The relationship between a business and a Google Ads agency should feel like a genuine partnership. The agency should care about your results because your results are the proof of their work. When that dynamic is working properly, Google Ads stops feeling like an expensive gamble and starts feeling like one of the most reliable growth channels your business has.


Frequently Asked Questions

How do I know if my Google Ads agency is doing a good job?

The clearest sign is that your campaigns are generating a return that justifies the combined cost of ad spend and management fees — and that you can see exactly how that return is being calculated. Beyond the numbers, a good agency communicates proactively, makes regular changes to your account, and can clearly explain every decision they are making on your behalf.

What should a Google Ads agency report on every month?

At a minimum, monthly reporting should cover cost per lead or cost per acquisition, total conversions, conversion rate, return on ad spend, budget utilization, and a summary of changes made and what the plan is for the next month. Reports that focus primarily on impressions and clicks without tying performance to actual business outcomes are not sufficient.

Is it normal for a Google Ads agency to manage my account under their own login?

No. Your Google Ads account should always be created and owned under your own business credentials. You should have full admin access at all times. Some agencies do operate this way, but it leaves you vulnerable to losing all your campaign data and history if you ever decide to switch. Always confirm account ownership in writing before you sign anything.

How often should a Google Ads agency be making changes to my account?

Active management means meaningful changes every month at minimum — and for larger or more competitive accounts, changes should be happening weekly. These include ad copy tests, keyword refinements, bid adjustments, negative keyword updates, and audience optimizations. Very little change history is a sign of neglect.

What should I do if I think my agency is wasting my budget?

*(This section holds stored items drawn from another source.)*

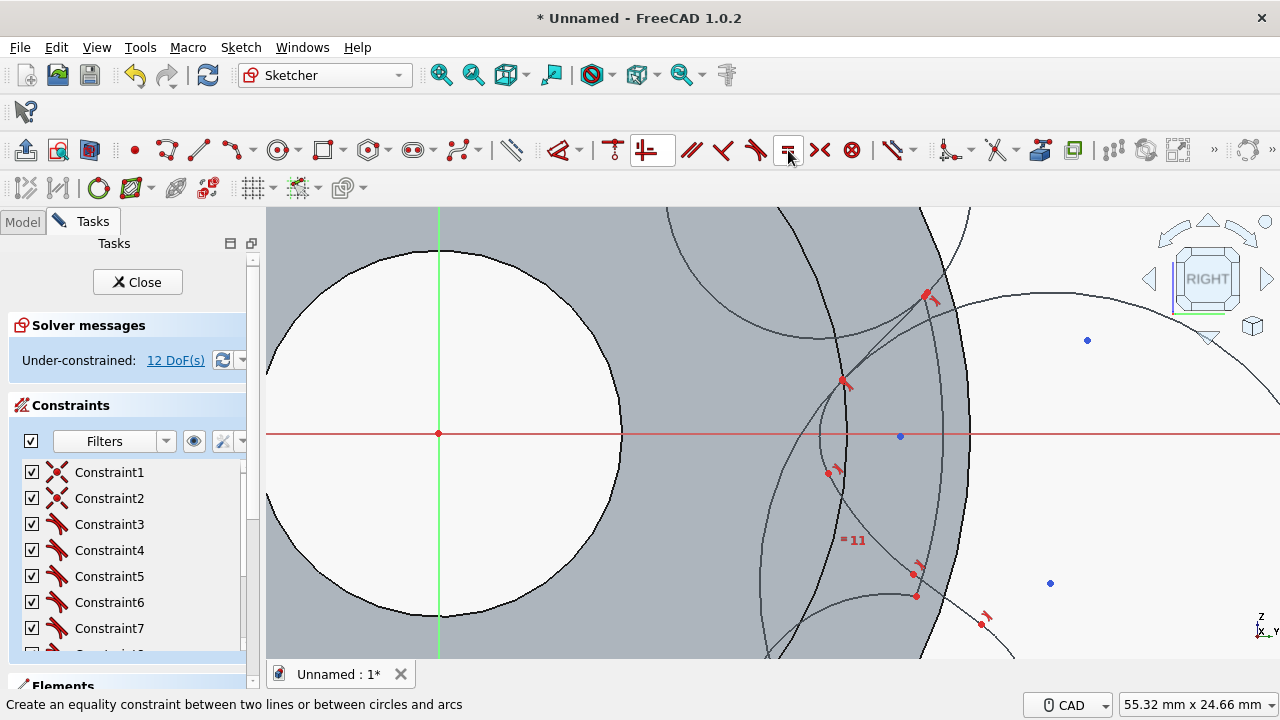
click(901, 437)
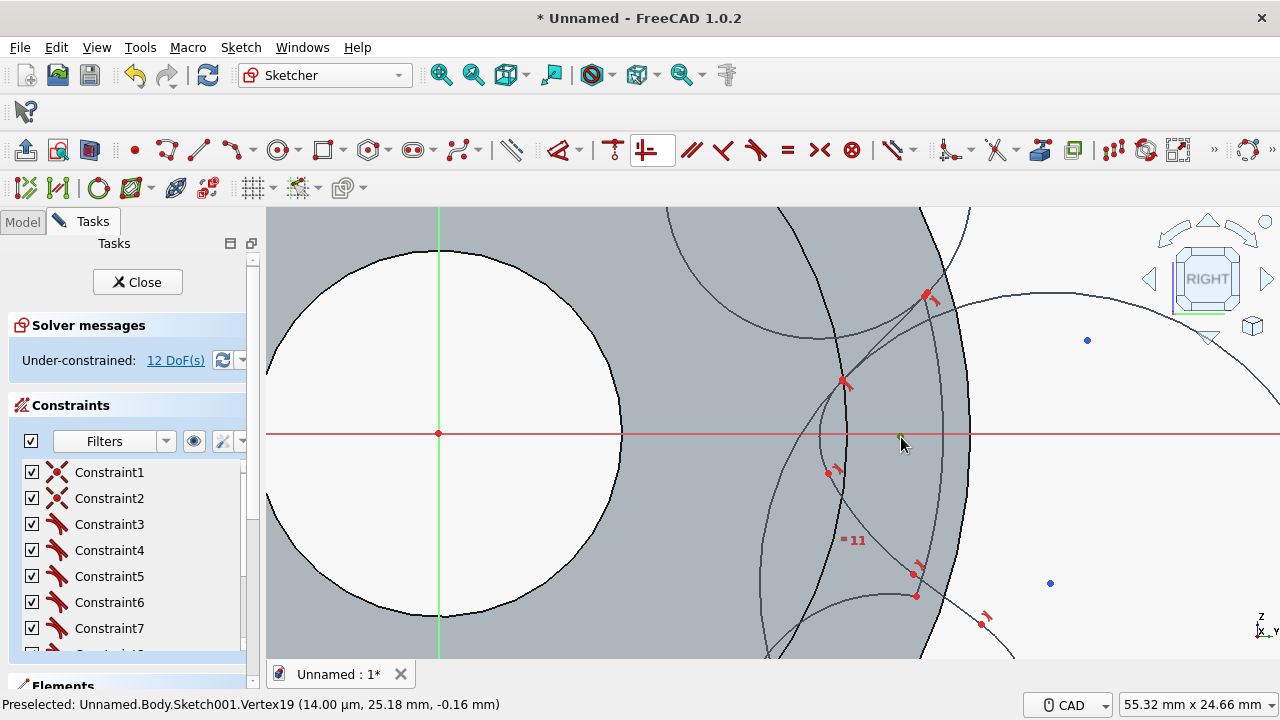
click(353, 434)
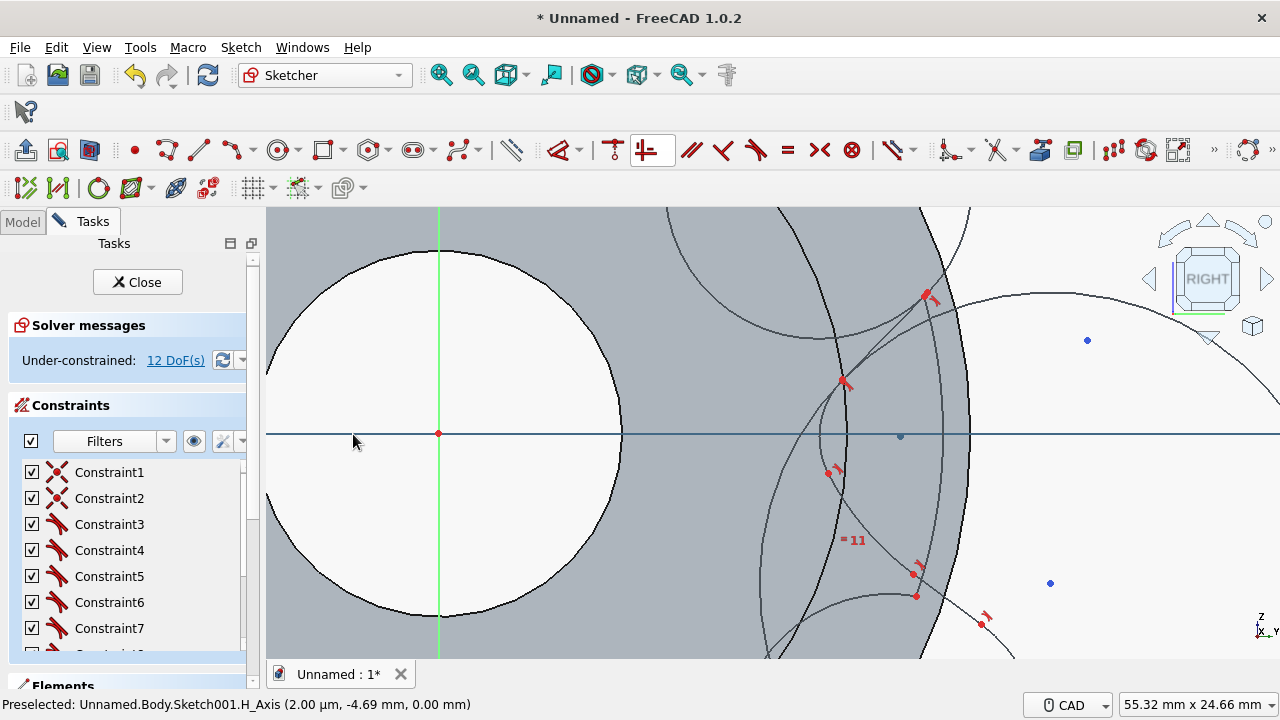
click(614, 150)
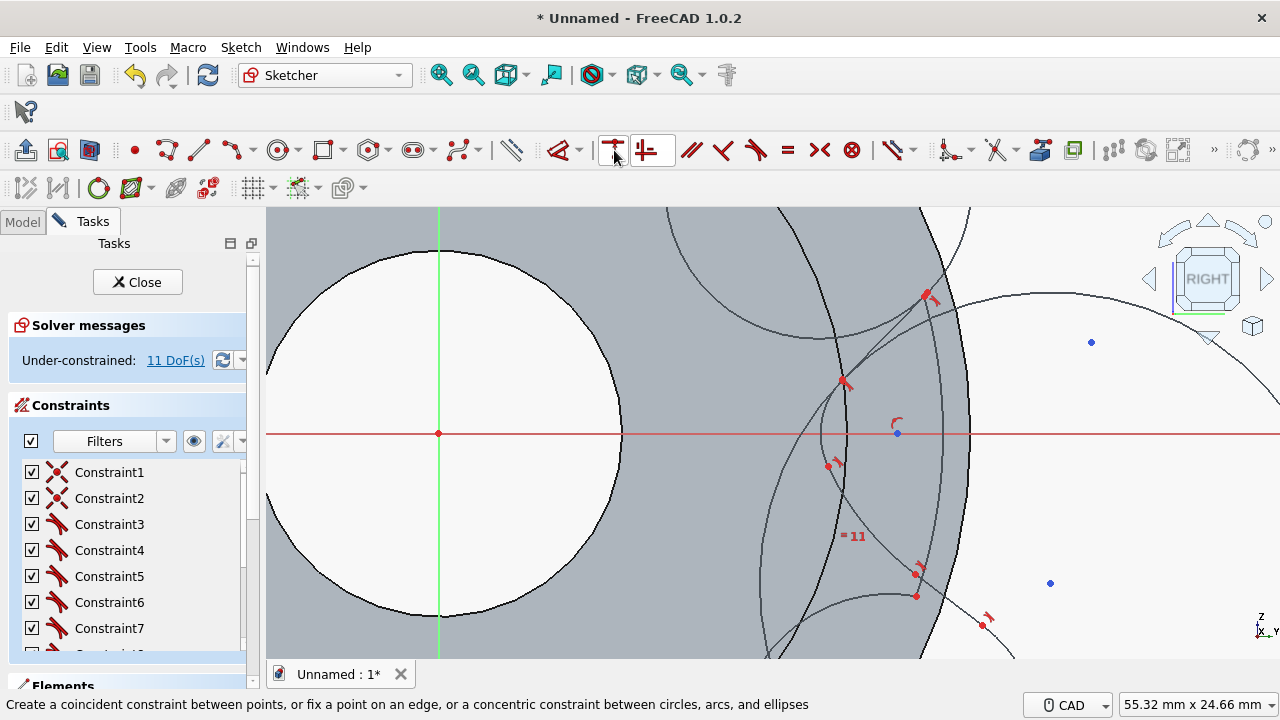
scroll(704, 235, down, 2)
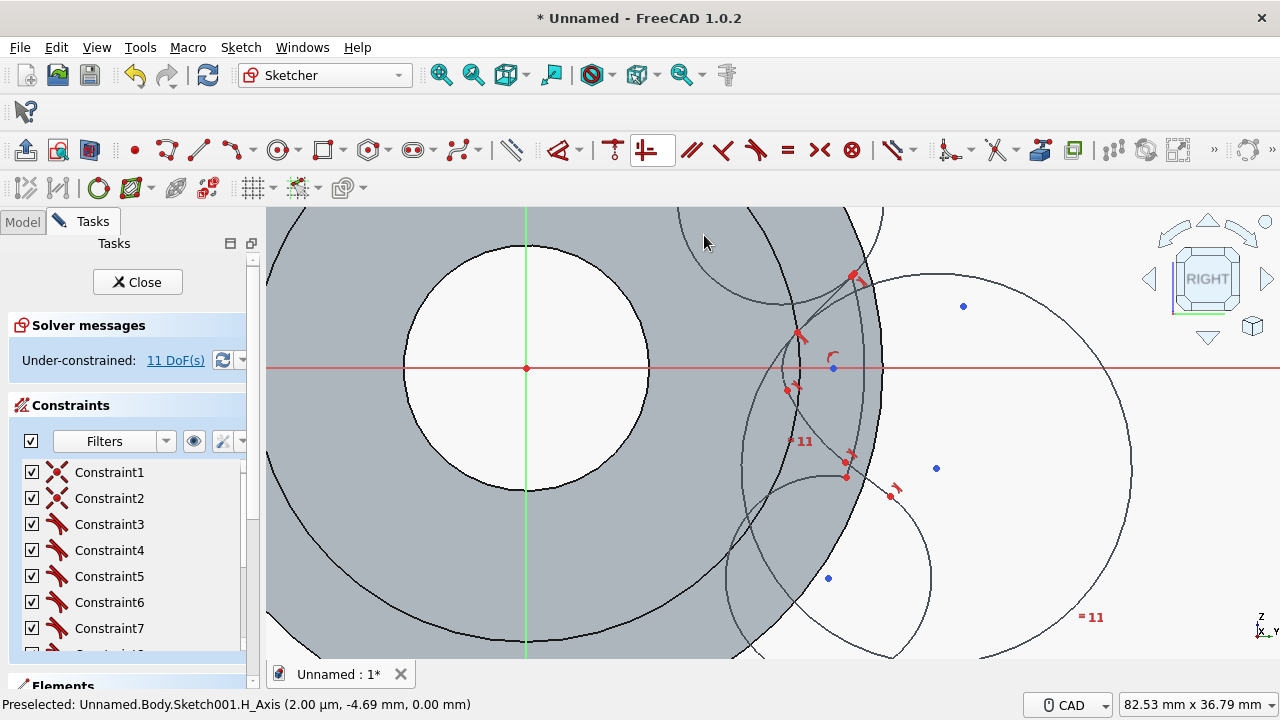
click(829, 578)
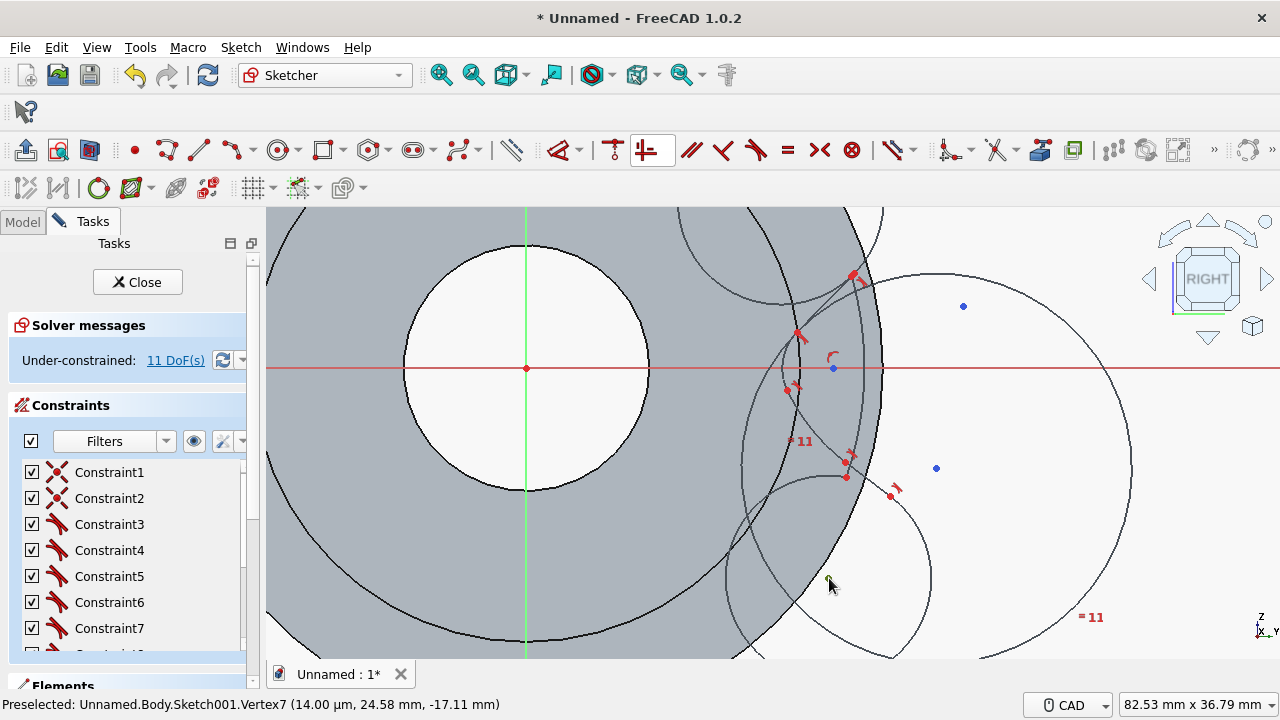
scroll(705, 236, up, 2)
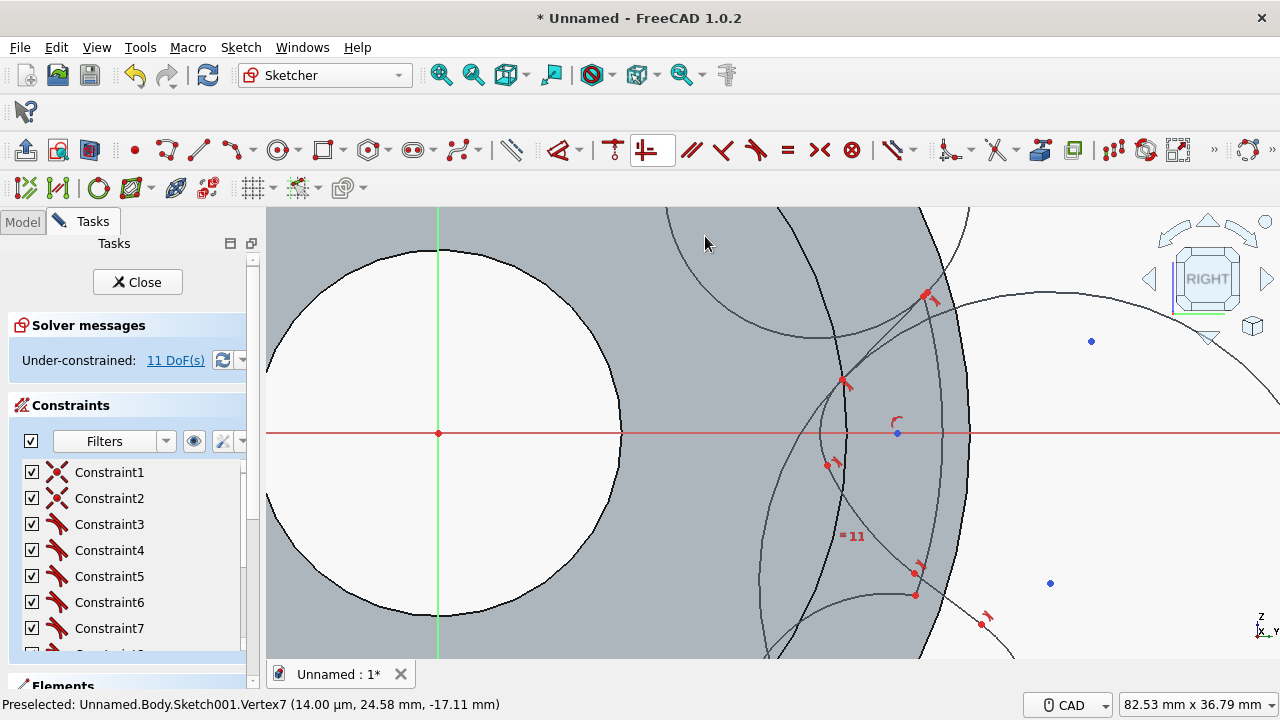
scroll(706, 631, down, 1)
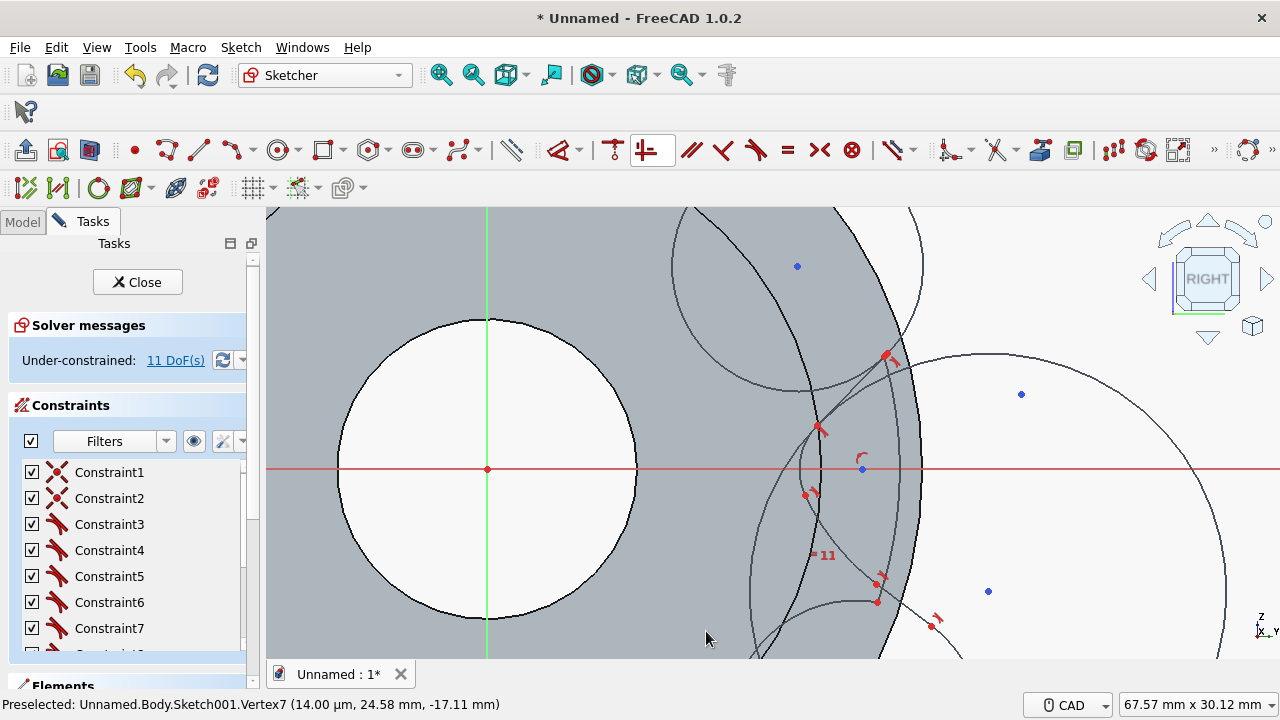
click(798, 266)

Start by requesting a full account review and asking them to walk you through the search terms report, the conversion tracking setup, and the change history. If the answers are unsatisfactory or you feel like important things are being glossed over, it may be worth getting an independent account audit from a third-party specialist before making a decision.

Can I switch Google Ads agencies without losing my data?

Yes — as long as you own your account. If the account is in your name with you as the admin, switching is straightforward. You simply remove the old agency's access and grant it to the new one. All your campaign history, conversion data, and audience lists remain intact. This is why account ownership is so important to establish from the very beginning.


Final Thoughts

Hiring a Google Ads agency is a significant investment. You deserve to know that your money is being spent carefully, your campaigns are being managed actively, and the results you are seeing are real and accurately measured.

The warning signs in this guide are not rare edge cases. They are common patterns that show up in accounts across all industries and budget levels. Knowing what to look for puts you in a far stronger position — whether you are evaluating your current agency or deciding whether to hire a new one.

If something feels off with how your campaigns are being managed, trust that instinct. Ask the hard questions. Look at your own account data. A good agency will welcome the scrutiny. One that does not is probably the kind you should be walking away from.